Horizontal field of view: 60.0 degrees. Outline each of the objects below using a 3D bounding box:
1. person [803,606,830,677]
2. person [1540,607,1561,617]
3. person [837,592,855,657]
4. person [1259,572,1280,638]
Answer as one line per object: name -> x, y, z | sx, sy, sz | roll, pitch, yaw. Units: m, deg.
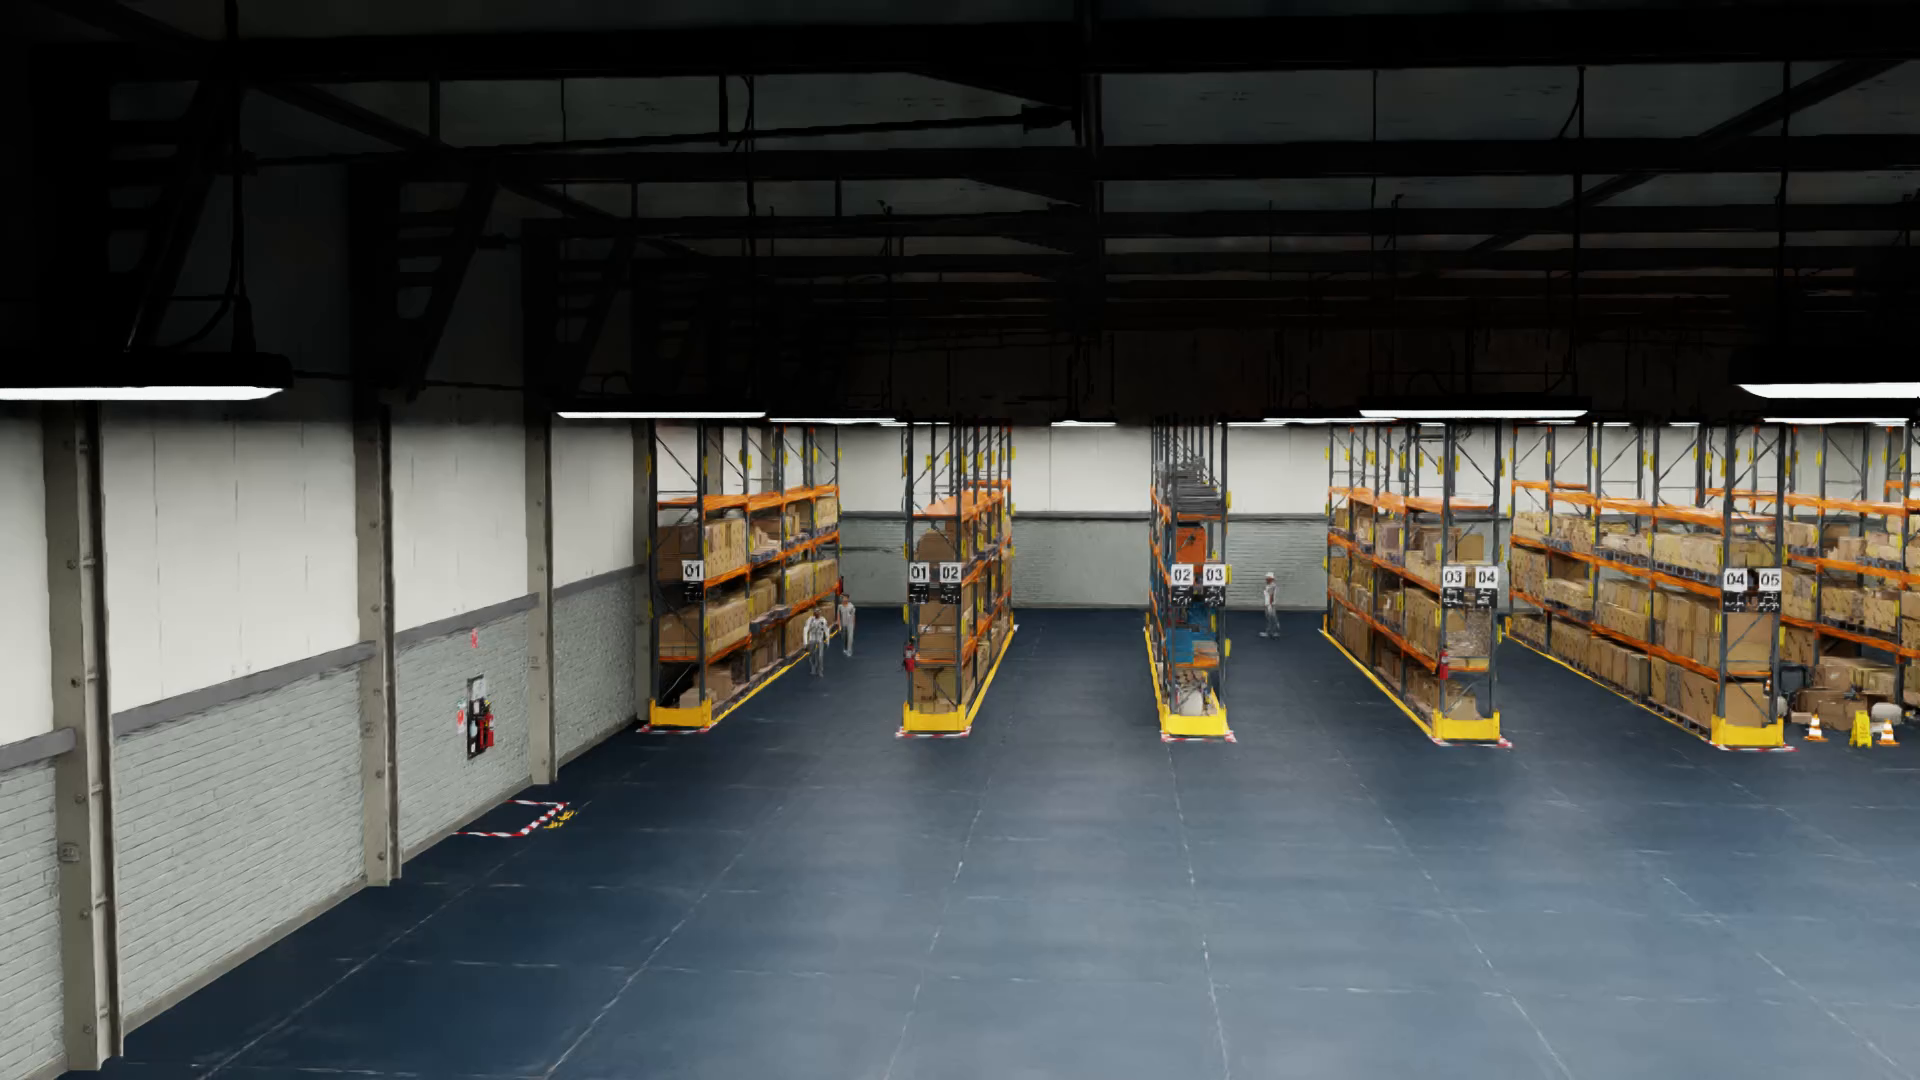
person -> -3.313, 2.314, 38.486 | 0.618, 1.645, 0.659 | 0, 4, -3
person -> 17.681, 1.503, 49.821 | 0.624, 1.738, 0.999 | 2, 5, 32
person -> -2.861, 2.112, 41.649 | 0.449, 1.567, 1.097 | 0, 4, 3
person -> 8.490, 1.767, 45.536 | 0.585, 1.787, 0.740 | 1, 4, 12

::::

◆ What is needed: Your output should consist solely of the lines from the beginning of the entries through the line containing "4. person [1259,572,1280,638]", reproduced exactly.

◆ Task answer:
Horizontal field of view: 60.0 degrees. Outline each of the objects below using a 3D bounding box:
1. person [803,606,830,677]
2. person [1540,607,1561,617]
3. person [837,592,855,657]
4. person [1259,572,1280,638]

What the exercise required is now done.